Given records:
- Opening Delimiter -
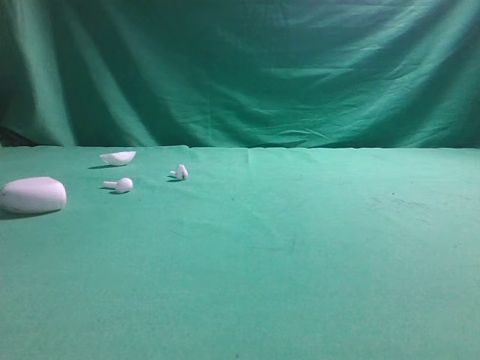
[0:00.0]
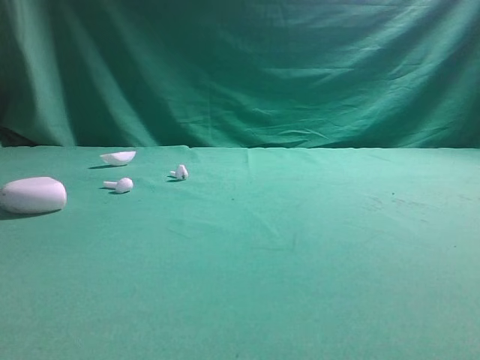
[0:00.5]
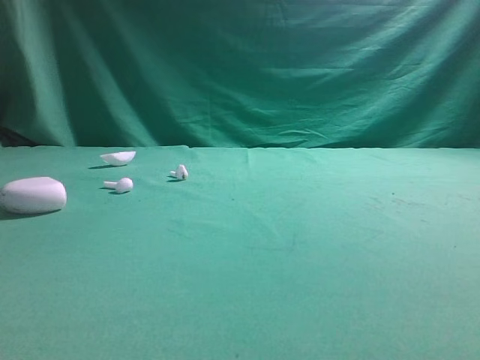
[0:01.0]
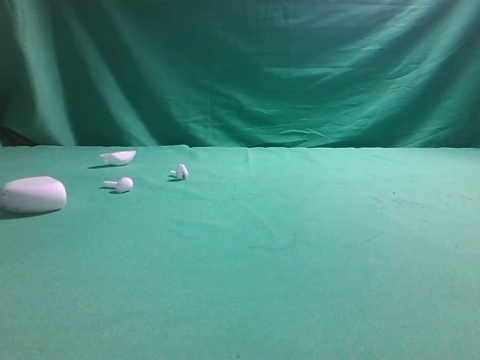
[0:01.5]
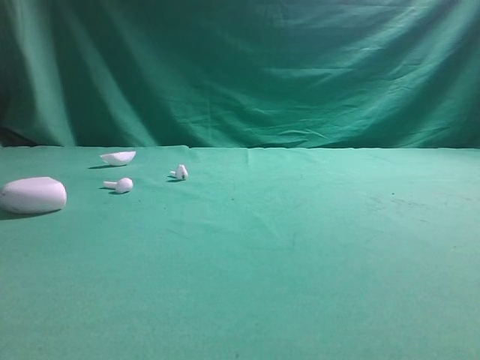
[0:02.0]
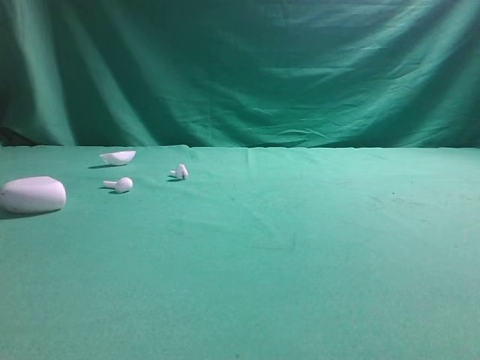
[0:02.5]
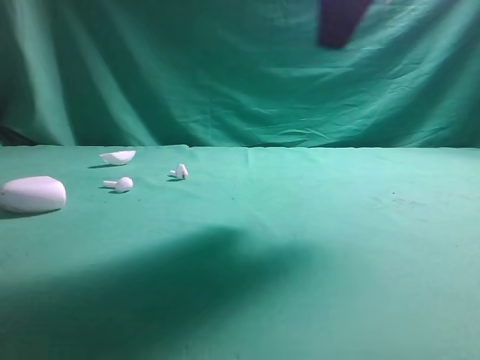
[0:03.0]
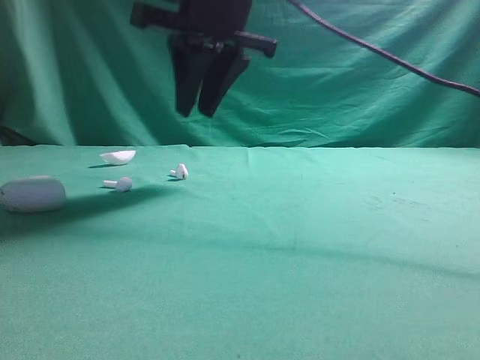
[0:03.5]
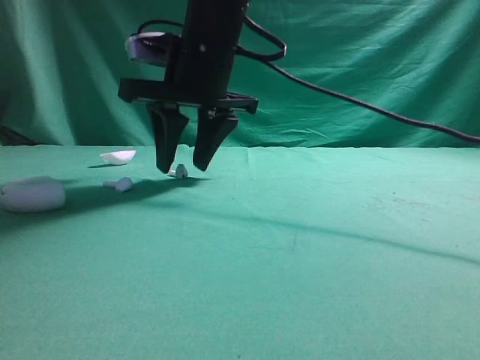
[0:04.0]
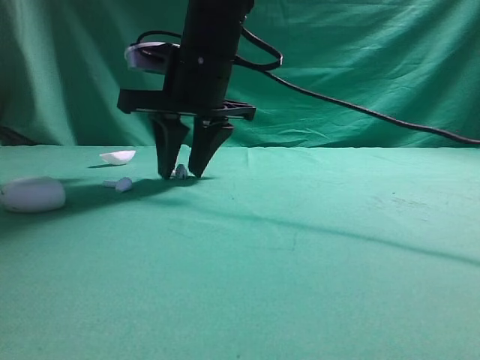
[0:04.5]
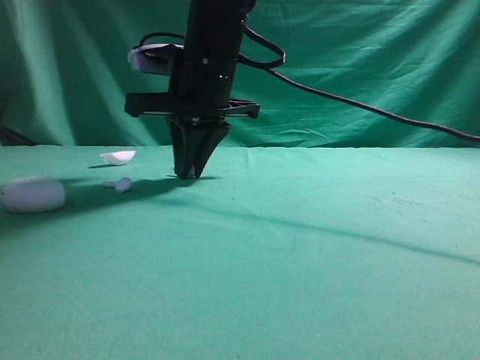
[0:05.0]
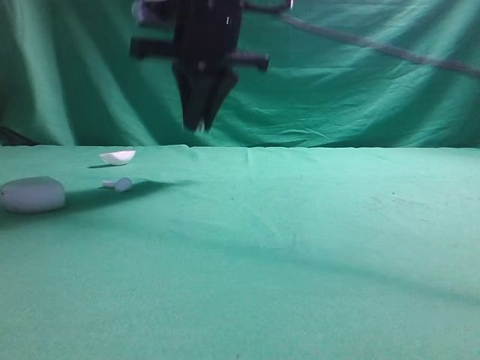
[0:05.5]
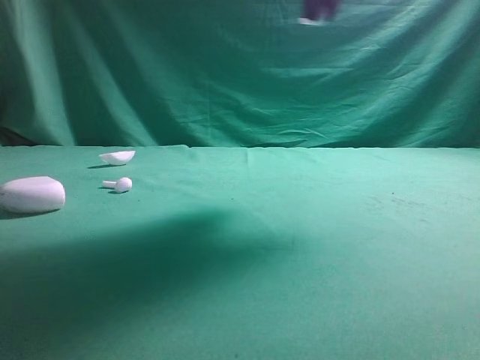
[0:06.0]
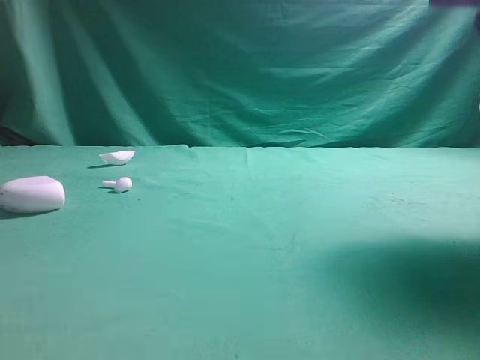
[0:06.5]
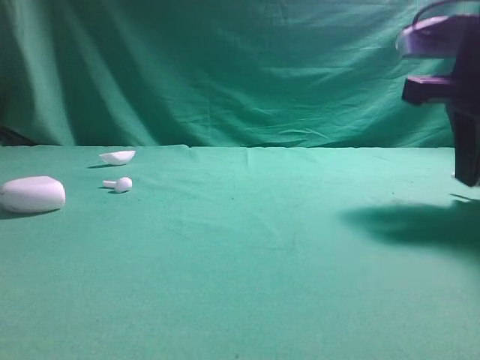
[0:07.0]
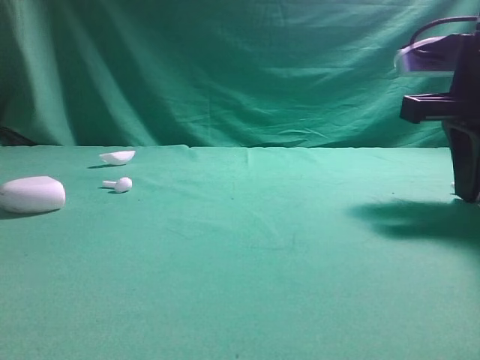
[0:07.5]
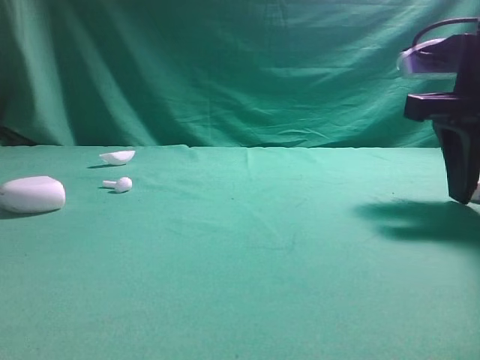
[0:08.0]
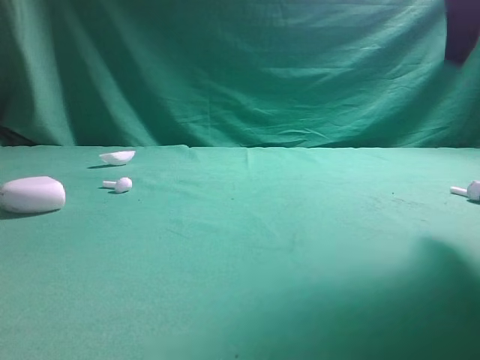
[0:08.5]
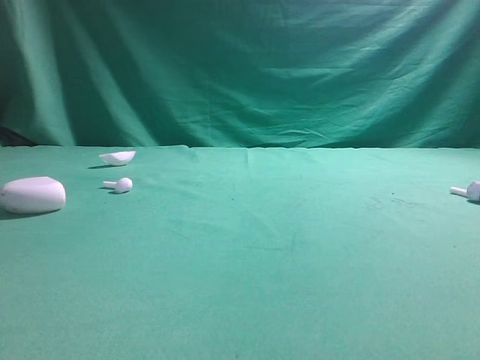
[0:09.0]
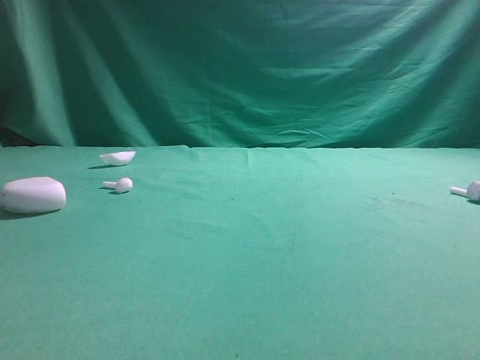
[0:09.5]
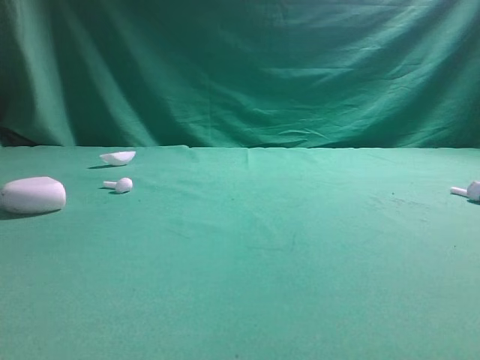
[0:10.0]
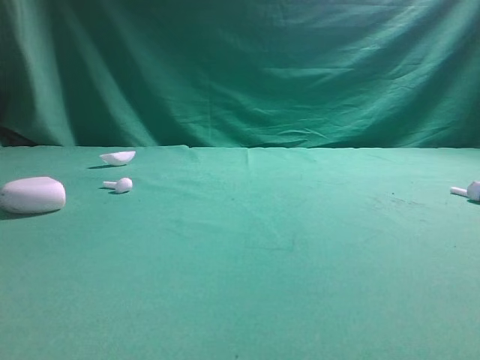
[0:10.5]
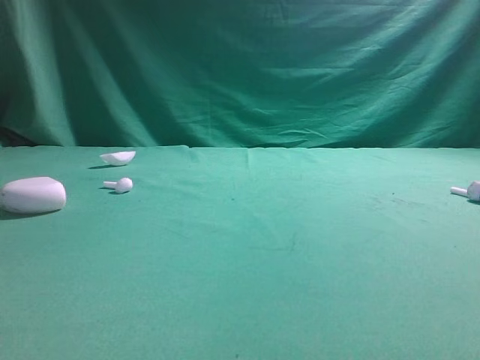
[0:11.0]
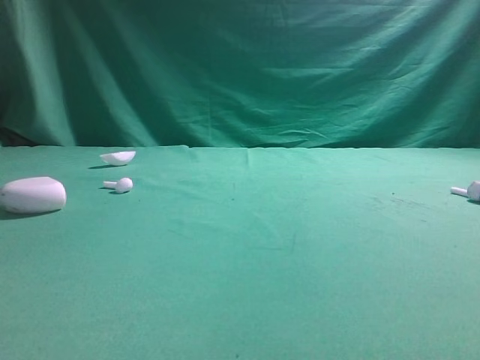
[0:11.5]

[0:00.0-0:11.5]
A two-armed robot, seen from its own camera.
Step, 0:00.0 to 0:05.5: Grasp the Bluetooth earbud.
Step, 0:06.0 to 0:08.0: Place bluetooth earbud on the right side of the table.
- Closing Delimiter -
About this exercise:
Pictures are to be left out; set down everything else in the records exactly.

Task output:
[0:00.0]
[0:00.5]
[0:01.0]
[0:01.5]
[0:02.0]
[0:02.5]
[0:03.0]
[0:03.5]
[0:04.0]
[0:04.5]
[0:05.0]
[0:05.5]
[0:06.0]
[0:06.5]
[0:07.0]
[0:07.5]
[0:08.0]
[0:08.5]
[0:09.0]
[0:09.5]
[0:10.0]
[0:10.5]
[0:11.0]
[0:11.5]

[0:00.0-0:11.5]
A two-armed robot, seen from its own camera.
Step, 0:00.0 to 0:05.5: Grasp the Bluetooth earbud.
Step, 0:06.0 to 0:08.0: Place bluetooth earbud on the right side of the table.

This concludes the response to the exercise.